Management expects to seek and (assuming recovery consistent with the
previous regulatory treatment set forth above) receive ratemaking
treatment for unreimbursed costs incurred beyond the amounts for which
ratemaking treatment has been received.
An authoritative accounting standard, Statement of Position (SOP) 96-1,
has been issued by the accounting profession addressing environmental
remediation obligations. This SOP addresses, among other things,
regulatory benchmarks that are likely triggers of the accrual of
estimated losses, the costs included in the measurement, including
incremental costs of remediation efforts such as post-remediation
monitoring and long-term operation and maintenance costs and costs of
compensation and related benefits of employees devoting time to the
remediation. This SOP, adopted by the Company in January 1997, as
required, did not have a material adverse effect on the Company's
financial position or results of operations, due to current ratemaking
treatment. Should a change in the Company's historical ratemaking occur
this conclusion could change.
4. 1995 Retail Rate Case
In September 1995, the Company filed a 12.7 percent retail rate increase
to cover higher power supply costs, to support additional investment in
plant and equipment, to fund expenses associated with the Pine Street
Barge Canal Site, and to cover higher costs of capital. Early in 1996,
the Company settled this rate case with the Department and other
parties.
The settlement became possible when the Company negotiated a new
arrangement with Hydro-Quebec that will reduce the Company's net power-
supply costs below the amounts anticipated in the rate increase request.
The settlement provided: projected additional annual revenues of $7.6
million; an overall increase in retail rates of 5.25 percent effective
June 1, 1996; target return on equity for utility operations of 11.25
percent; and recovery of $1.3 million of costs associated with the Pine
Street site, amortized over five years.
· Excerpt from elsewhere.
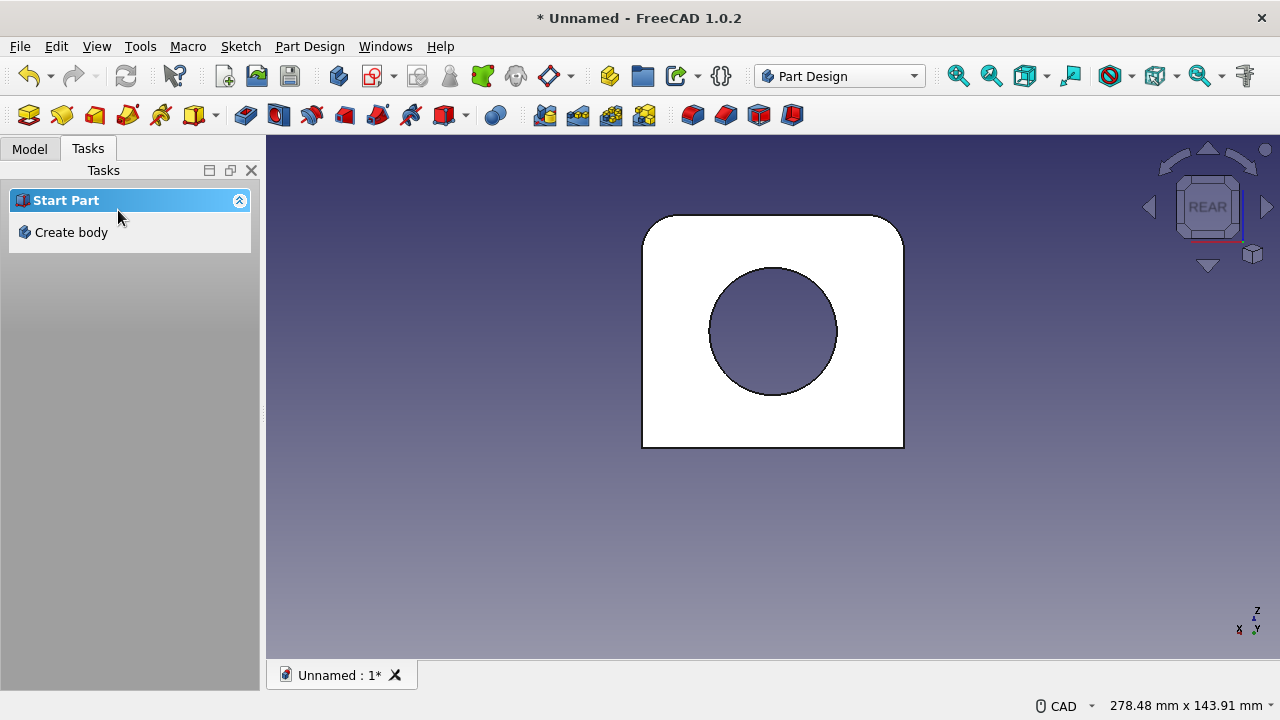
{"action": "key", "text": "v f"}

In the event that the target
return on equity is exceeded, the Company would accelerate the
amortization of certain demand side management expenditures in the next
year for which rate recovery otherwise would have been sought. The VPSB
approved the settlement in an order dated May 23, 1996. An accounting
order received from the VPSB on December 31, 1996 continues the
limitation on return on equity from utility operations through December
31, 1997.
5. 1997 Retail Rate Case
On June 16, 1997, the Company filed a request with the VPSB to increase
retail rates by 16.7 percent and the target return on common equity from
11.25 percent to 13 percent. The retail rate increase is needed to
cover higher power supply costs and the Company's rising cost of
capital. (See Management's Discussion and Analysis of Financial
Condition and Results of Operations - Recent Developments.)
6. SFAS 128
In March 1997, the Financial Accounting Standards Board issued a new
accounting standard, Statement of Financial Accounting Standards (SFAS)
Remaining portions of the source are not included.